16Le lendemain de l’annonce, trois comprimés sont pris par voie orale. Ils n’entraînent pas de douleurs ni de saignement. Deux jours après, lors d’une hospitalisation, d’autres comprimés permettent de faire accoucher la patiente dans la journée.
17Myriam a mis au monde Pierre, aux côtés de son compagnon, sous péridurale au bloc accouchement. Les cris du bébé né le même jour dans la salle à côté ont plus gêné l’équipe que notre couple. Tout le monde s’est excusé. Le couple a mûri : ils entendent maintenant ce que je dis. Ils comprennent que toute l’équipe est avec eux, dans le soutien. Tous ces rites vont les aider à faire le deuil.
18De toutes ces épreuves, celle que je redoute le plus et qui laisse chez moi un souvenir indélébile, c’est la présentation du bébé.

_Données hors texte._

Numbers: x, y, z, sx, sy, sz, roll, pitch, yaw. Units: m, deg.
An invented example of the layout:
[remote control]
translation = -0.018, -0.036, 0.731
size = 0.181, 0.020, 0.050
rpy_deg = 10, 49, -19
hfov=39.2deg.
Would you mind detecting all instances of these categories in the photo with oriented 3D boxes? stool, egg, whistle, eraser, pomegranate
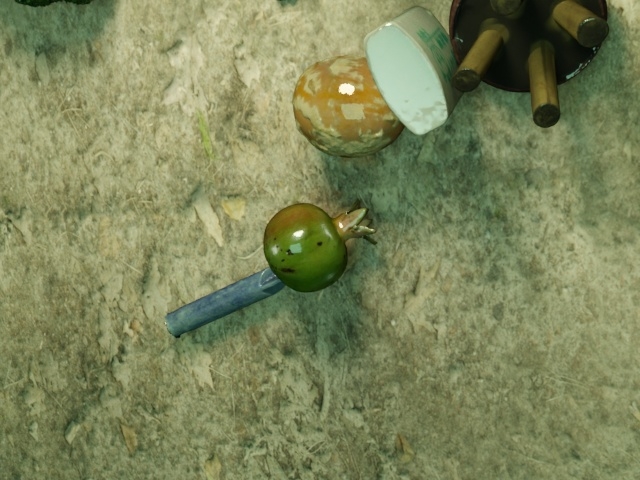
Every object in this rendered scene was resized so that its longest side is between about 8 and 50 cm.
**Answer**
[stool]
translation = 0.348, -0.342, 1.507
size = 0.272, 0.178, 0.272
rpy_deg = 6, 127, 8
[egg]
translation = 0.056, -0.245, 1.648
size = 0.233, 0.195, 0.195
rpy_deg = 5, 110, 41
[whistle]
translation = -0.198, 0.129, 1.918
size = 0.304, 0.062, 0.062
rpy_deg = -25, 98, 22
[eraser]
translation = 0.169, -0.300, 1.549
size = 0.104, 0.290, 0.189
rpy_deg = -23, 102, 21
[pomegranate]
translation = 0.000, 0.000, 1.767
size = 0.224, 0.181, 0.181
rpy_deg = -29, 98, 1

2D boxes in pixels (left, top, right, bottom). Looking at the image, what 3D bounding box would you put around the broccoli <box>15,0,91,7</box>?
[broccoli]
translation = -0.522, -0.586, 1.672
size = 0.297, 0.297, 0.298
rpy_deg = -1, 96, -12

Avec le temps de l’expérience, je suis maintenant convaincu qu’il faut que la maman ou le papa, voire un membre de la famille, voie ce bébé. L’habiller, le présenter au mieux, leur laisser un moment s’ils le veulent est un temps fondamental. Retenir mes larmes est parfois très difficile : je n’ai pas envie forcément de me retenir, je m’esquive juste. Je suis convaincu à ce moment-là que nous avons tout fait pour que leur travail de deuil se fasse, je suis presque soulagé.

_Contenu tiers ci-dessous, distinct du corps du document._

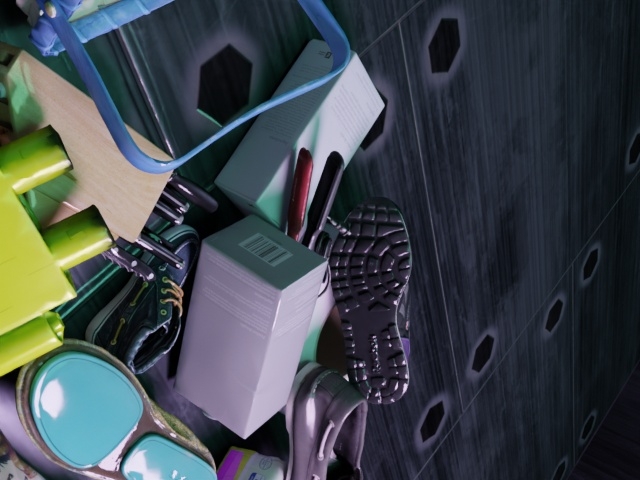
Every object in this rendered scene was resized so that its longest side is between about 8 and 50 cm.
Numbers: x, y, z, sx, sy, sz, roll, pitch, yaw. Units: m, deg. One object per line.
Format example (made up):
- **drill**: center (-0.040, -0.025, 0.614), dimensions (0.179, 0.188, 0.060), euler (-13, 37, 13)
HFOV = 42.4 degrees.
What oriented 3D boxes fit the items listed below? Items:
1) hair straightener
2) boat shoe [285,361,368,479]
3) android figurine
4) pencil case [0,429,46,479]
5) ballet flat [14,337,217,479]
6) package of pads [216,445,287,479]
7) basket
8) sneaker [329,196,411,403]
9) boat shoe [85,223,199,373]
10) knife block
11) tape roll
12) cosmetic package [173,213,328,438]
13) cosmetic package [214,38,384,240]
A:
- **hair straightener**: center (0.000, 0.000, 1.011), dimensions (0.089, 0.047, 0.230), euler (0, 112, -23)
- **boat shoe**: center (0.015, 0.317, 1.157), dimensions (0.112, 0.095, 0.335), euler (-38, 138, -38)
- **android figurine**: center (-0.316, 0.016, 0.675), dimensions (0.272, 0.056, 0.248), euler (-27, 125, -13)
- **pencil case**: center (-0.292, 0.315, 0.816), dimensions (0.183, 0.159, 0.410), euler (-63, 140, -37)
- **ballet flat**: center (-0.236, 0.202, 0.916), dimensions (0.123, 0.123, 0.348), euler (-54, 140, -19)
- **package of pads**: center (-0.124, 0.471, 1.165), dimensions (0.229, 0.101, 0.297), euler (-55, 150, -61)
- **basket**: center (-0.124, -0.228, 0.702), dimensions (0.254, 0.201, 0.289), euler (-35, 94, -37)
- **sneaker**: center (0.076, 0.069, 1.127), dimensions (0.124, 0.107, 0.283), euler (-57, 149, -67)
- **boat shoe**: center (-0.180, 0.068, 0.941), dimensions (0.183, 0.083, 0.065), euler (-55, 143, -18)
- **knife block**: center (-0.208, -0.082, 0.818), dimensions (0.242, 0.088, 0.276), euler (-30, 130, -42)
- **tape roll**: center (0.004, 0.121, 1.205), dimensions (0.286, 0.100, 0.286), euler (-29, 129, -42)
- **cosmetic package**: center (-0.090, 0.107, 1.006), dimensions (0.107, 0.127, 0.238), euler (-33, 147, -48)
- **cosmetic package**: center (-0.022, -0.125, 1.048), dimensions (0.231, 0.085, 0.117), euler (-56, 144, -13)

19Myriam et Paul sont passés par toutes ces étapes, en prenant leur drame en main au fur et à mesure. Voir leur bébé, Pierre, avec les affaires tricotées par sa grand-mère, a été un saut dans le vide pour le couple mais s’est révélé être très apaisant : « Nous imaginions un monstre, c’est notre bébé et il est beau. J’ai pu le prendre dans mes bras … »
La nécessité médicale
20Aude et Corinne ont du mal à contenir leurs larmes, derrière leurs masques de bloc opératoire. Toutes les deux sont instrumentistes de bloc opératoire et aujourd’hui s’est rajoutée une intervention un peu particulière, peu commune. La patiente, arrivée tôt en salle, a été vite endormie. Aude a installé les champs opératoires sur le ventre rebondi de la patiente. Celle-ci est enceinte de sept mois. Lors de la dernière échographie obstétricale, un syndrome poly-malformatif létal a été découvert. Ce bébé peut vivre mais seulement quelques heures, quelques jours, voire quelques semaines. Cinq jours après cette découverte, le dossier de cette patiente est passé en commission (centre multidisciplinaire de diagnostic prénatal) à la demande de l’équipe de la maternité, et aussi à la demande des parents. Cette commission régionale doit répondre à la question : faut-il poursuivre cette grossesse compte-tenu du caractère létal des malformations retrouvées ? Son avis est consultatif : les parents auront toujours le choix de ne pas interrompre même si cela est proposé.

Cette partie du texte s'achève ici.